Help Arkady to find two fountains with maximum total beauty so that he can buy both at the same time.
The first line contains three integers n, c and d (2 ≤ n ≤ 100 000, 0 ≤ c, d ≤ 100 000) — the number of fountains, the number of coins and diamonds Arkady has.
The next n lines describe fountains. Each of these lines contain two integers bi and pi (1 ≤ bi, pi ≤ 100 000) — the beauty and the cost of the i-th fountain, and then a letter "C" or "D", describing in which type of money is the cost of fountain i: in coins or in diamonds, respectively.
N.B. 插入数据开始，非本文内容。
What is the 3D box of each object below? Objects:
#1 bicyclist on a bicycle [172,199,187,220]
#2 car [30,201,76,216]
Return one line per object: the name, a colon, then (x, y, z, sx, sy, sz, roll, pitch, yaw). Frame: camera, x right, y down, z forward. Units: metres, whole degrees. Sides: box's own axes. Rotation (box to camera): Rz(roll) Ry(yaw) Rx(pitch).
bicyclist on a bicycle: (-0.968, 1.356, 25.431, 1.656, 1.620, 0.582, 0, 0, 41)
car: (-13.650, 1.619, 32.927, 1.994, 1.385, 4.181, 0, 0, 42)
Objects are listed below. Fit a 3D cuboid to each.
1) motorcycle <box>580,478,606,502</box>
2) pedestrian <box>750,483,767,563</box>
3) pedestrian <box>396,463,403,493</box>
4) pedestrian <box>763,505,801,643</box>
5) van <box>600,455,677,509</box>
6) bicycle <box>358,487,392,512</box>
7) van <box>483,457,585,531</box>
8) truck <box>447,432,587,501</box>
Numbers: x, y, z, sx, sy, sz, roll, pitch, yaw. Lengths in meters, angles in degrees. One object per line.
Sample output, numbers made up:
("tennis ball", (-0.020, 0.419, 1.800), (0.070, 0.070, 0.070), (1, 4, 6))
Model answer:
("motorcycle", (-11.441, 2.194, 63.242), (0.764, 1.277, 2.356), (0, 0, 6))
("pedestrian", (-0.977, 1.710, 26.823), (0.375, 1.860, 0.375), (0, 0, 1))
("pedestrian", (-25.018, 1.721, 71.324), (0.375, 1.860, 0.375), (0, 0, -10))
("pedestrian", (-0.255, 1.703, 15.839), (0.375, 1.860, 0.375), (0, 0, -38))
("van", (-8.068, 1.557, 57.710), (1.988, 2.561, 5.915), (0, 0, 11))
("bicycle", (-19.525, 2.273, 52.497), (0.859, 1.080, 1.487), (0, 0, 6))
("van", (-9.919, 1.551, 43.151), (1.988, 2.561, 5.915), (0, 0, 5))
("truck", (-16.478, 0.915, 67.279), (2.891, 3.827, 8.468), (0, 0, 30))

Print the maximum total beauty of exactly two fountains Arkady can build. If he can't build two fountains, print 0.
3 7 6
10 8 C
4 3 C
5 6 D
9
2 4 5
2 5 C
2 1 D
0
3 10 10
5 5 C
5 5 C
10 11 D
10
In the first example Arkady should build the second fountain with beauty 4, which costs 3 coins. The first fountain he can't build because he don't have enough coins. Also Arkady should build the third fountain with beauty 5 which costs 6 diamonds. Thus the total beauty of built fountains is 9.
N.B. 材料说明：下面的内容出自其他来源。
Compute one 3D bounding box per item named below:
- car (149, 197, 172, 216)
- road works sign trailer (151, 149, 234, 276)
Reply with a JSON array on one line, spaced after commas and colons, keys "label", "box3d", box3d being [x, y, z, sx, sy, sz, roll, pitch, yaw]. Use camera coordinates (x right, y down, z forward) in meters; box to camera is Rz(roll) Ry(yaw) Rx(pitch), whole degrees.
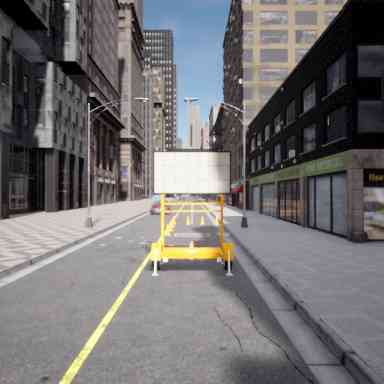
[{"label": "car", "box3d": [-3.096, 1.554, 33.336, 1.812, 1.442, 4.674, 0, 0, 0]}, {"label": "road works sign trailer", "box3d": [0.007, 0.467, 10.360, 2.380, 3.560, 2.880, 0, 0, 0]}]
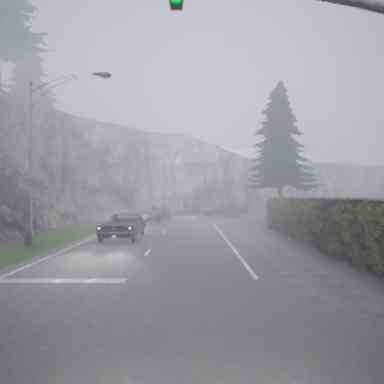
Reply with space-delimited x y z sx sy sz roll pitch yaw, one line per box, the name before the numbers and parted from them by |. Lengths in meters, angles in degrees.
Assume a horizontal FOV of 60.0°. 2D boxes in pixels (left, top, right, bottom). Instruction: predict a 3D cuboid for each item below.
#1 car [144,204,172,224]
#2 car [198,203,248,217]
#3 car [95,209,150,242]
car | -3.100 1.801 28.031 2.128 1.511 4.902 0 -1 12
car | 3.408 1.947 36.204 5.357 1.411 2.033 0 -1 -22
car | -3.616 1.796 17.644 1.895 1.301 4.718 0 -1 0
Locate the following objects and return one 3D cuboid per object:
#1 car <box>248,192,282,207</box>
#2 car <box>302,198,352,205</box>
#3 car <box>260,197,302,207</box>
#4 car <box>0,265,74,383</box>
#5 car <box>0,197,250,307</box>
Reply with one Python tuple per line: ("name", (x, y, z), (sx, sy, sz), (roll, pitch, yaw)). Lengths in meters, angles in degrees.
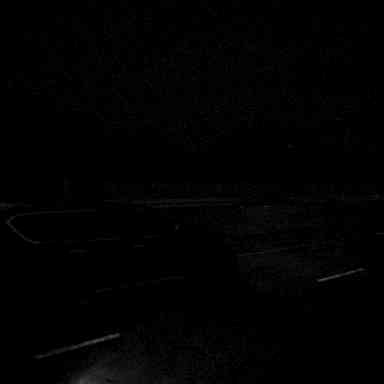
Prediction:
("car", (7.115, 1.035, 34.461), (5.566, 2.045, 2.150), (0, 0, -34))
("car", (12.473, 1.303, 29.631), (4.902, 1.511, 2.128), (0, 0, -34))
("car", (9.026, 1.418, 31.529), (4.718, 1.301, 1.895), (0, 0, -34))
("car", (-3.394, 1.561, 1.326), (5.357, 1.411, 2.033), (0, 0, -35))
("car", (-1.627, 1.202, 6.868), (5.566, 2.045, 2.150), (0, 0, -35))
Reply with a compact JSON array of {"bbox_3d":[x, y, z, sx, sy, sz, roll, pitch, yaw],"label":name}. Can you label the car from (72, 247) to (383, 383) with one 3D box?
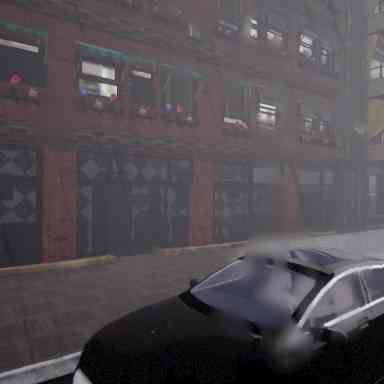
[{"bbox_3d":[1.162,1.492,3.902,4.902,1.511,2.128,0,0,-36],"label":"car"}]

In the second example there are two fountains, but Arkady can't build both of them, because he needs 5 coins for the first fountain, and Arkady has only 4 coins.
要求建两个喷泉,现在有n个喷泉可以选,每一个喷泉的价格和漂亮度都已经给出,这里有两种货币,硬币和钻石(王者荣耀的感觉,买英雄啊,买两个加起来最强的,你有一定的金币和钻石,用钻石买的英雄肯定有比较强的,也可能没有)。求出他能建的喷泉的方法中最大的漂亮度。
这个我只能想到超时的做法,n^2的,正确的打开方式是树状数组.要建两个喷泉,一共就三种情况,选一个用硬币买的喷泉再选一个用钻石买的喷泉,或者选两个用硬币买的喷泉,或者选两个用钻石买的喷泉。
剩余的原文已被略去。